As I read Will Reid’s front page story in Tuesday’s Guardian about the power going out on Monday in Nyah and Sea Lake, I got an AusNet social media message about ‘managing demand on the network’ by avoiding using non-essential large appliances and closing your curtains. Seriously?
Energy security is a matter of national security and economic security - keeping the lights on, the air conditioners running and refrigerators on at homes and supermarkets.

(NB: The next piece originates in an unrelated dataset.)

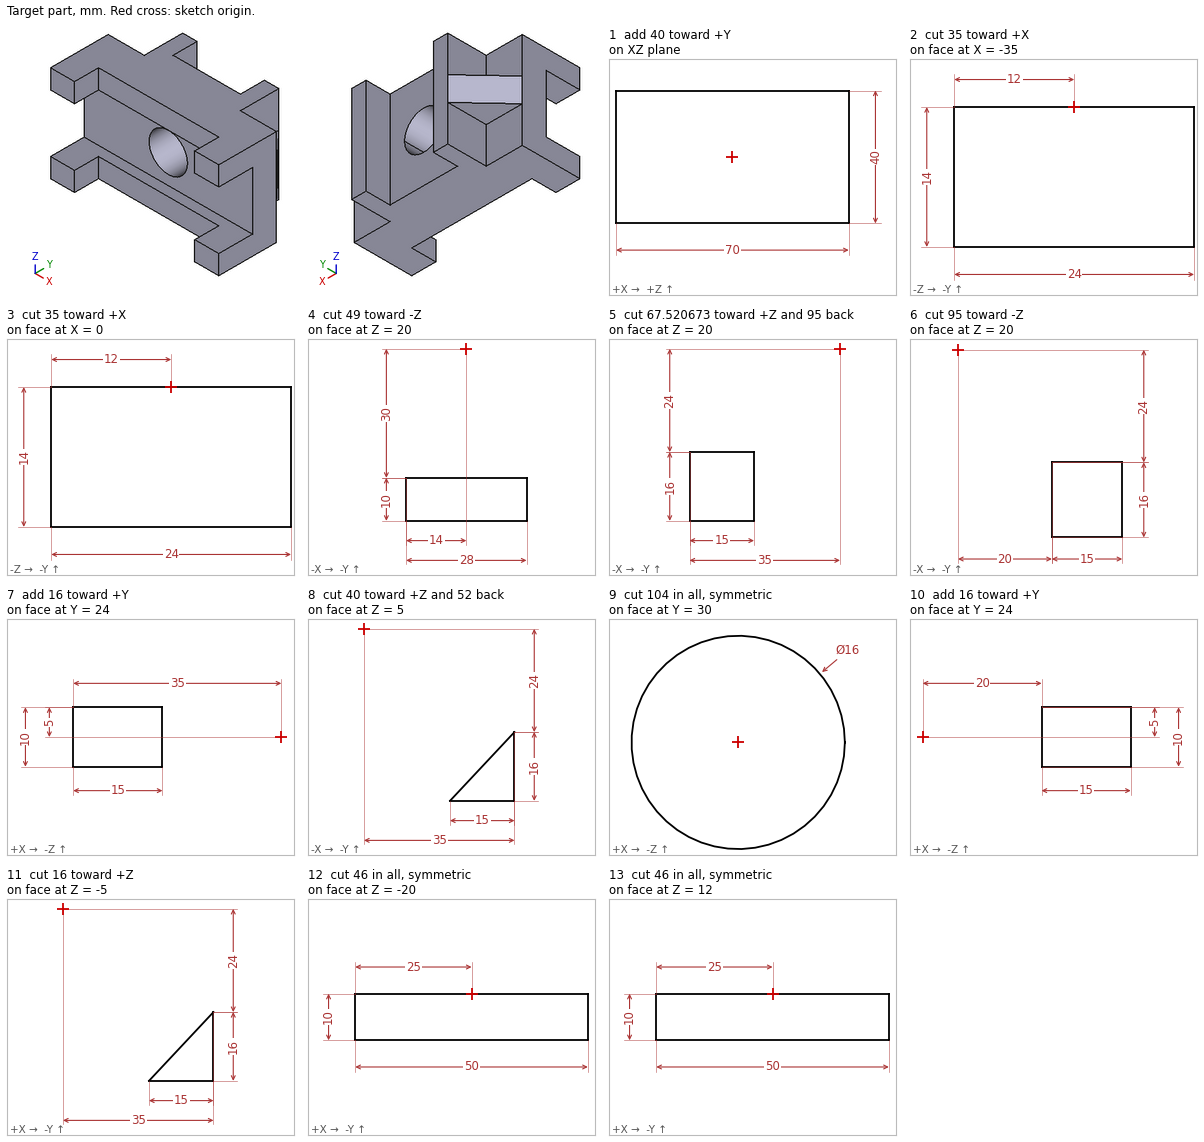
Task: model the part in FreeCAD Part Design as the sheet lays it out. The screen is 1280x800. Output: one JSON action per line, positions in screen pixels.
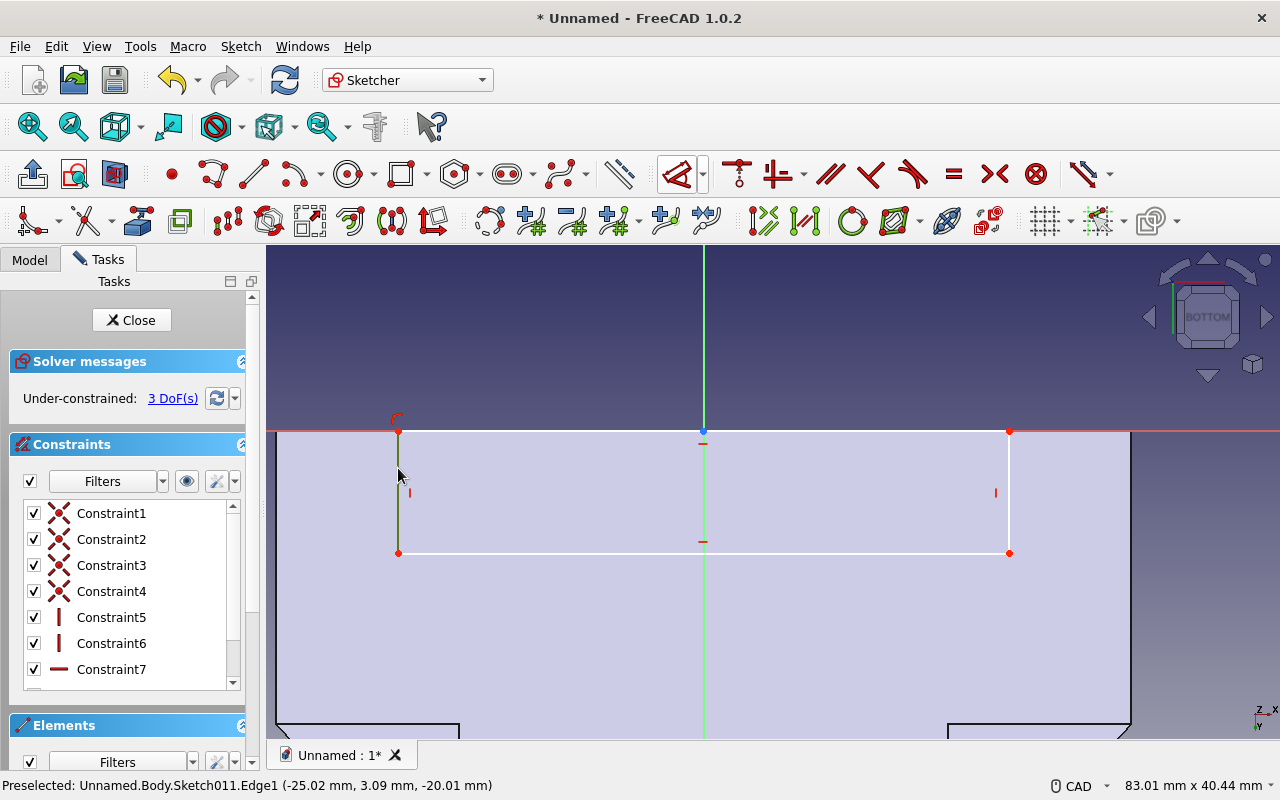
{"action": "left_click", "coordinate": [702, 174]}

John F Kennedy popularised the saying “Success has many fathers, but failure is an orphan” and Australian energy policy is both a failure and an orphan. Nobody is directly responsible at state and federal level when the lights go out. States, territories and the Commonwealth are all fathers of energy failure.

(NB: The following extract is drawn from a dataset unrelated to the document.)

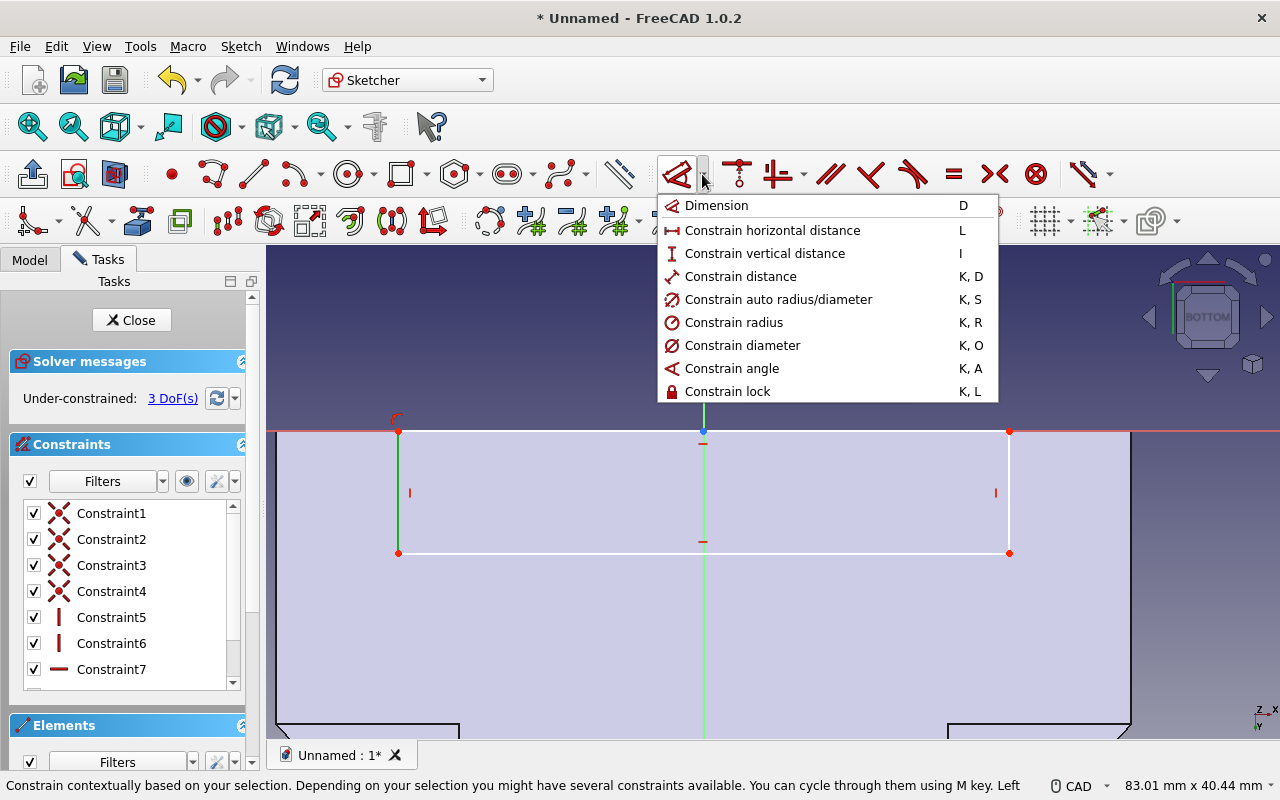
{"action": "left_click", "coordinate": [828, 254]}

The Albanese Labor Government’s reckless rollout of renewables in regional Australia – out of sight, out of mind of the Labor / Green / Teal voting seats in the cities – is putting grid reliability at risk. Mr Albanese’s Labor colleagues at Spring Street – the Allan Labor Government – are fast-tracking the national rollout of 28,000 kilometres of transmission lines including VNI-West in Mallee. Allan Labor’s Victorian renewable energy ‘zone’ (read: ground zero) is almost exclusively in Mallee. Labor is also creating a foreign ownership rural honeypot for cowboy wind turbine proponents. Local farmers, landholders and communities are being pitted against each other and railroaded while Labor’s market signal to coal and gas is: get off our grid.

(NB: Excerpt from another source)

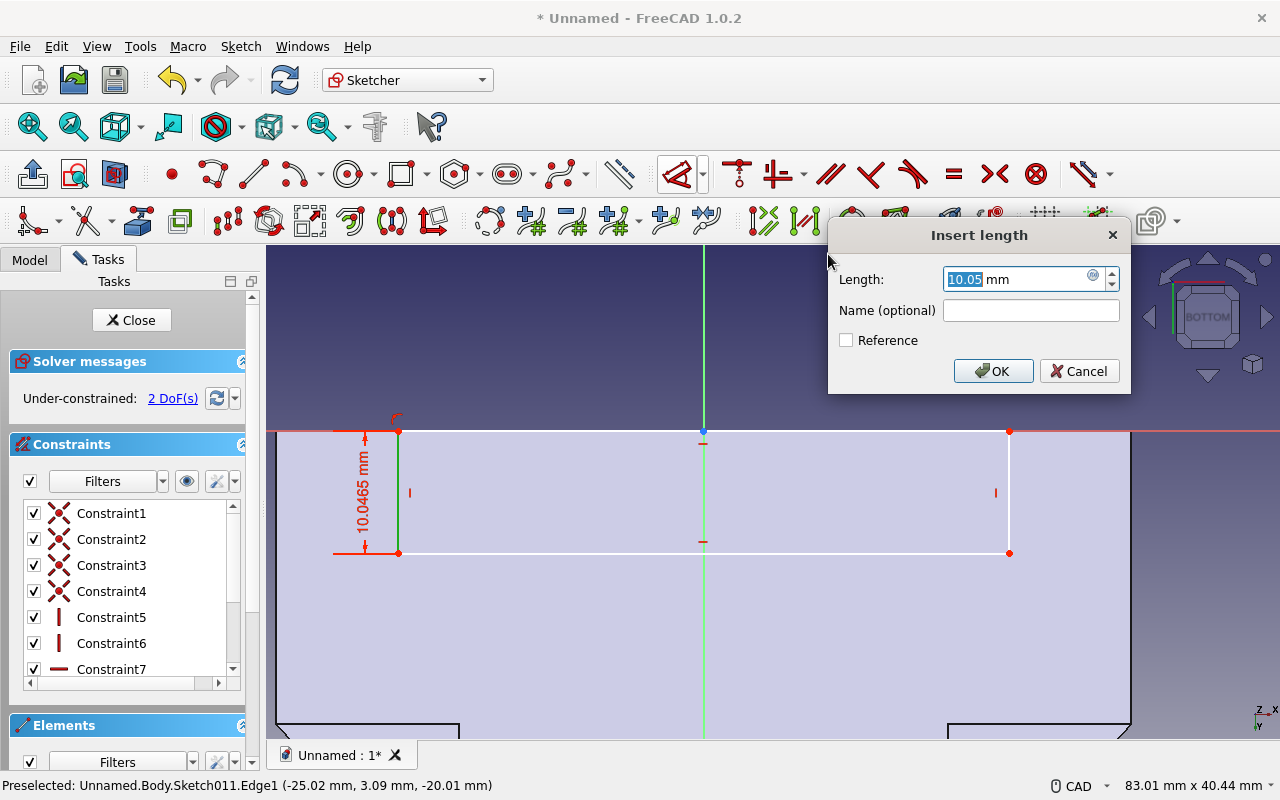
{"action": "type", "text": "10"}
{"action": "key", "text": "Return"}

You and I already gold-plated Australia’s energy grid in the 2000s through our power bills, paying a fortune for the poles and wires for a supposedly reliable energy grid. Yet Labor entices foreign-owned energy generation at places hundreds of kilometres away from where existing generators plug into the grid. Labor is now platinum-plating the grid, and it is showing on your sky-rocketing power bills.
The Liberal-Nationals Coalition will keep the power on through our common sense, secure energy policy. We will responsibly phase-out coal, backing gas as an essential resource and installing zero-emissions, 24/7 nuclear power at existing coal power sites in the existing grid from 2035.